If you need to be able to do that, we might have a deeper problem.
Right now we rely on cfg(miri) to map the full capacity at once to work around this restriction. This means that MIRI tests run slightly different code, but it's better than nothing.
This one. We effectively implement a custom realloc which guarantees address stability of the allocation.
There's been a bunch of discussion around that, but the gist is that currently this isn't something LLVM supports. See e.g. this thread. I brought this up with LLVM and I think it's a docs-only change to add support for at least a basic version of this -- but before we allow anything like that in Miri or otherwise consider this a blessed pattern in Rust, we need to get LLVM fixed.
(Also note that realloc, even if the address stays the same, generates a new provenance. Accesses through the old pointer are always UB. So it's not just about address stability, it's about keeping the provenance alive.)
This issue is mostly about supporting more things to be done with mmap without having to change the Rust memory model.
This issue is mostly about supporting more things to be done with mmap without having to change the Rust memory model.
Yes, I understand. This is why I haven't mentioned use of mremap in my initial comment.
(I think @nhusung is the right github handle? If not, I am sorry.^^ If yes, would be nice to record this in your rust-lang Zulip profile so people have a chance of pinging you here as well. :D )
Reserving address space with PROT_NONE,
Re-reading this, I don't think this can work. I don't think this is what Nils had in mind. PROT_NONE, IIUC, means that accessing that memory traps? This means it can't be inside the logical allocation. The MAP_NORESERVE step was meant to create the allocation, so it must make that memory available to the program (for reads and writes, that must behave like normal accesses).
PROT_NONE, IIUC, means that accessing that memory traps?
Yes, but how is it different from traps which may happen memory-mapped files? Maybe PROT_NONE allocations can be handled as logical allocations and read/write/execution protections as a platform-dependent detail which may not be emulated perfectly by Miri?
Traps when accessing mapped files are also generally UB. See prior discussions elsewhere for the difficulties of memory mapped files in Rust (and other similar languages like C), e.g. on IRLO.
Memory that traps cannot be considered inside a Rust allocation.
But please keep this issue focused on Miri, those questions of what Rust code can legally do are really better suited for the opsem Zulip or the UCG issue tracker.
I think @nhusung is the right github handle? If not, I am sorry.^^ If yes, would be nice to record this in your rust-lang Zulip profile so people have a chance of pinging you here as well. :D
Yes, that’s the right handle, and I just updated my Zulip profile.
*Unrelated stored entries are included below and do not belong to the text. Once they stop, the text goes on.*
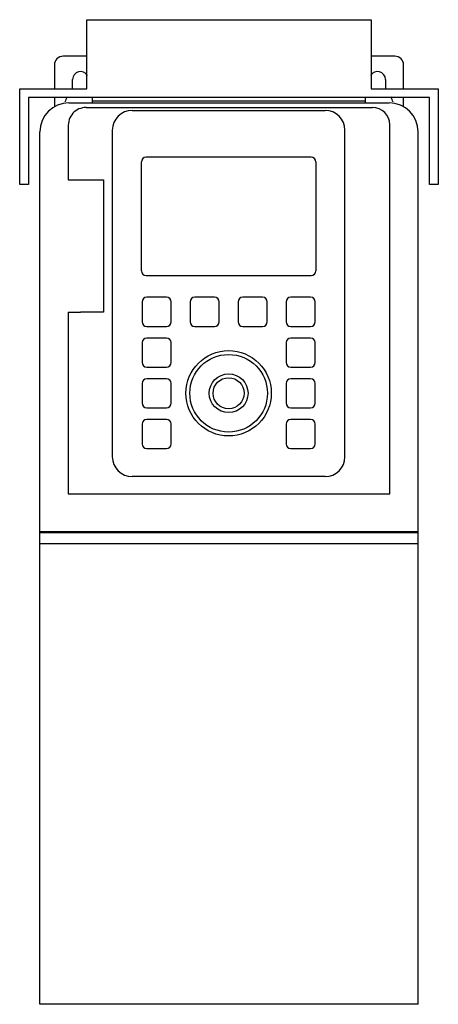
# Model space of a CAD drawing. Header units: millimetres. Extents: x 72 to 216, y 28 to 367.
import ezdxf

# ---------------------------------------------------------------- set-up
doc = ezdxf.new("R2010")
doc.units = ezdxf.units.MM
doc.header["$LTSCALE"] = 25.944628
doc.layers.get('0').update_dxf_attribs({"linetype": 'CONTINUOUS'})

msp = doc.modelspace()

# ---------------------------------------------------------------- linework, layer by layer
at = {"color": 7, "linetype": 'Continuous'}
for p, q in [((95.57, 343.27), (95.57, 367.08)), ((95.57, 367.08), (193.17, 367.08)), ((193.17, 367.08), (193.17, 343.27)), ((95.57, 354.5), (87.37, 354.5)), ((201.37, 354.5), (193.17, 354.5)), ((84.37, 351.5), (84.37, 343.27)), ((204.37, 343.27), (204.37, 351.5)), ((90.62, 343.27), (90.62, 346.5)), ((198.12, 346.5), (198.12, 343.27)), ((72.45, 310.43), (72.45, 343.27)), ((72.45, 343.27), (95.57, 343.27)), ((193.17, 343.27), (216.29, 343.27)), ((216.29, 343.27), (216.29, 310.43)), ((75.45, 340.27), (75.45, 310.43)), ((213.29, 340.27), (75.45, 340.27)), ((84.37, 340.27), (84.37, 337.16)), ((97.41, 338.5), (97.51, 340.27)), ((191.29, 339.03), (97.44, 339.03)), ((191.32, 338.5), (191.22, 340.27)), ((204.37, 337.16), (204.37, 340.27)), ((213.29, 310.43), (213.29, 340.27)), ((89.37, 338.5), (199.37, 338.5)), ((95.28, 336.89), (193.68, 336.89)), ((111.04, 335.89), (177.44, 335.89)), ((79.37, 28.5), (79.37, 328.5)), ((89.13, 330.22), (89.13, 312.02)), ((104.27, 329.12), (104.27, 216.72)), ((184.21, 216.72), (184.21, 329.12)), ((199.62, 204.02), (199.62, 330.95)), ((209.37, 28.5), (209.37, 328.5)), ((172.59, 319.77), (115.89, 319.77)), ((114.29, 280.67), (114.29, 318.17)), ((174.19, 318.17), (174.19, 280.67)), ((89.13, 312.02), (101.27, 312.02)), ((101.27, 312.02), (101.27, 266.55)), ((75.45, 310.43), (72.45, 310.43)), ((216.29, 310.43), (213.29, 310.43)), ((115.89, 279.07), (172.59, 279.07)), ((122.89, 271.62), (116.09, 271.62)), ((139.39, 271.62), (132.59, 271.62)), ((155.89, 271.62), (149.09, 271.62)), ((172.39, 271.62), (165.59, 271.62)), ((114.49, 270.02), (114.49, 263.22)), ((124.49, 263.22), (124.49, 270.02)), ((130.99, 270.02), (130.99, 263.22)), ((140.99, 263.22), (140.99, 270.02)), ((147.49, 270.02), (147.49, 263.22)), ((157.49, 263.22), (157.49, 270.02)), ((163.99, 270.02), (163.99, 263.22)), ((173.99, 263.22), (173.99, 270.02)), ((89.12, 266.48), (93.36, 266.55)), ((89.12, 266.48), (89.12, 204.02)), ((101.27, 266.55), (93.36, 266.55)), ((116.09, 261.62), (122.89, 261.62)), ((132.59, 261.62), (139.39, 261.62)), ((149.09, 261.62), (155.89, 261.62)), ((165.59, 261.62), (172.39, 261.62)), ((122.89, 257.62), (116.09, 257.62)), ((172.39, 257.62), (165.59, 257.62)), ((114.49, 256.02), (114.49, 249.22)), ((124.49, 249.22), (124.49, 256.02)), ((163.99, 256.02), (163.99, 249.22)), ((173.99, 249.22), (173.99, 256.02)), ((116.09, 247.62), (122.89, 247.62)), ((165.59, 247.62), (172.39, 247.62)), ((114.49, 242.02), (114.49, 235.22)), ((122.89, 243.62), (116.09, 243.62)), ((124.49, 235.22), (124.49, 242.02)), ((163.99, 242.02), (163.99, 235.22)), ((172.39, 243.62), (165.59, 243.62)), ((173.99, 235.22), (173.99, 242.02)), ((116.09, 233.62), (122.89, 233.62)), ((165.59, 233.62), (172.39, 233.62)), ((114.49, 228.02), (114.49, 221.22)), ((122.89, 229.62), (116.09, 229.62)), ((124.49, 221.22), (124.49, 228.02)), ((163.99, 228.02), (163.99, 221.22)), ((172.39, 229.62), (165.59, 229.62)), ((173.99, 221.22), (173.99, 228.02)), ((116.09, 219.62), (122.89, 219.62)), ((165.59, 219.62), (172.39, 219.62)), ((177.44, 209.95), (111.04, 209.95)), ((89.12, 204.02), (199.62, 204.02)), ((209.37, 190.93), (79.37, 190.93)), ((209.37, 190.61), (79.37, 190.61)), ((209.37, 186.81), (79.37, 186.81)), ((209.37, 28.5), (79.37, 28.5))]:
    msp.add_line(p, q, dxfattribs=at)
for radius in [14.67, 13.34, 6.66, 5.34]:
    msp.add_circle((144.24, 238.62), radius, dxfattribs=at)
for centre, radius, start, end in [((87.37, 351.5), 3, 90, 180), ((201.37, 351.5), 3, 0, 90), ((93.37, 346.5), 2.75, 31.2539, 180), ((195.37, 346.5), 2.75, 0, 148.7477), ((93.37, 337.5), 5.5, 146.063, 167.4248), ((195.37, 337.5), 5.5, 12.5752, 33.9367), ((89.37, 328.5), 10, 90, 180), ((95.28, 330.72), 6.17, 90, 184.6145), ((111.04, 329.12), 6.77, 90, 180), ((177.44, 329.12), 6.77, 0, 90), ((193.68, 330.95), 5.94, 0, 90), ((199.37, 328.5), 10, 0, 90), ((115.89, 318.17), 1.6, 90, 180), ((172.59, 318.17), 1.6, 0, 90), ((115.89, 280.67), 1.6, 180, 270), ((172.59, 280.67), 1.6, 270, 360), ((116.09, 270.02), 1.6, 90.0069, 179.9911), ((122.89, 270.02), 1.6, 0.0069, 89.9911), ((132.59, 270.02), 1.6, 90.0069, 179.9911), ((139.39, 270.02), 1.6, 0.0069, 89.9911), ((149.09, 270.02), 1.6, 90.0005, 179.9996), ((155.89, 270.02), 1.6, 0.0036, 89.9964), ((165.59, 270.02), 1.6, 90.0031, 179.9969), ((172.39, 270.02), 1.6, 0.0069, 89.9911), ((116.09, 263.22), 1.6, 180.0069, 269.9911), ((122.89, 263.22), 1.6, 270.0069, 359.9911), ((132.59, 263.22), 1.6, 180.0069, 269.9911), ((139.39, 263.22), 1.6, 270.0069, 359.9911), ((149.09, 263.22), 1.6, 180.0069, 269.9911), ((155.89, 263.22), 1.6, 270.0069, 359.9911), ((165.59, 263.22), 1.6, 180.0069, 269.9911), ((172.39, 263.22), 1.6, 270.0069, 359.9911), ((116.09, 256.02), 1.6, 90.0069, 179.9911), ((122.89, 256.02), 1.6, 0.0069, 89.9911), ((165.59, 256.02), 1.6, 90.0069, 179.9911), ((172.39, 256.02), 1.6, 0.0069, 89.9911), ((116.09, 249.22), 1.6, 180.0069, 269.9911), ((122.89, 249.22), 1.6, 270.0069, 359.9911), ((165.59, 249.22), 1.6, 180.0069, 269.9911), ((172.39, 249.22), 1.6, 270.0069, 359.9911), ((116.09, 242.02), 1.6, 90.0069, 179.9911), ((122.89, 242.02), 1.6, 0.0069, 89.9911), ((165.59, 242.02), 1.6, 90.0069, 179.9911), ((172.39, 242.02), 1.6, 0.0069, 89.9911), ((116.09, 235.22), 1.6, 180.0069, 269.9911), ((122.89, 235.22), 1.6, 270.0069, 359.9911), ((165.59, 235.22), 1.6, 180.0069, 269.9911), ((172.39, 235.22), 1.6, 270.0069, 359.9911), ((116.09, 228.02), 1.6, 90.0069, 179.9911), ((122.89, 228.02), 1.6, 0.0069, 89.9911), ((165.59, 228.02), 1.6, 90.0069, 179.9911), ((172.39, 228.02), 1.6, 0.0069, 89.9911), ((116.09, 221.22), 1.6, 180.0069, 269.9911), ((122.89, 221.22), 1.6, 270.0069, 359.9911), ((165.59, 221.22), 1.6, 180.0069, 269.9911), ((172.39, 221.22), 1.6, 270.0069, 359.9911), ((111.04, 216.72), 6.77, 180, 270), ((177.44, 216.72), 6.77, 270, 360)]:
    msp.add_arc(centre, radius, start, end, dxfattribs=at)

doc.saveas('drawing.dxf')

Thanks for the note :D
Reserving address space with PROT_NONE,
Re-reading this, I don't think this can work.
Yes, this was one of the conclusions from the Zulip discussion linked in the initial issue comment. With PROT_READ | PROT_WRITE instead of PROT_NONE we would get a proper allocation (in Rust’s and LLVM’s terms), so we agreed that this is what is currently supported by Rust’s memory model. This issue is about supporting this in MIRI as well. For mapping with PROT_NONE and subsequent re-mapping, we would need deeper changes to the memory model of Rust (and also LLVM), if I understood it correctly. So that is beyond the issue here.
FWIW LLVM now officially documents that allocations can grow, so we could document the same for Rust and also support that in Miri by mmap'ing more pages just at the end of an existing mmap allocation.
Partial munmap, or growing to the left, are still not supported and need further discussion since there are optimizations LLVM could be doing that would be broken by those operations.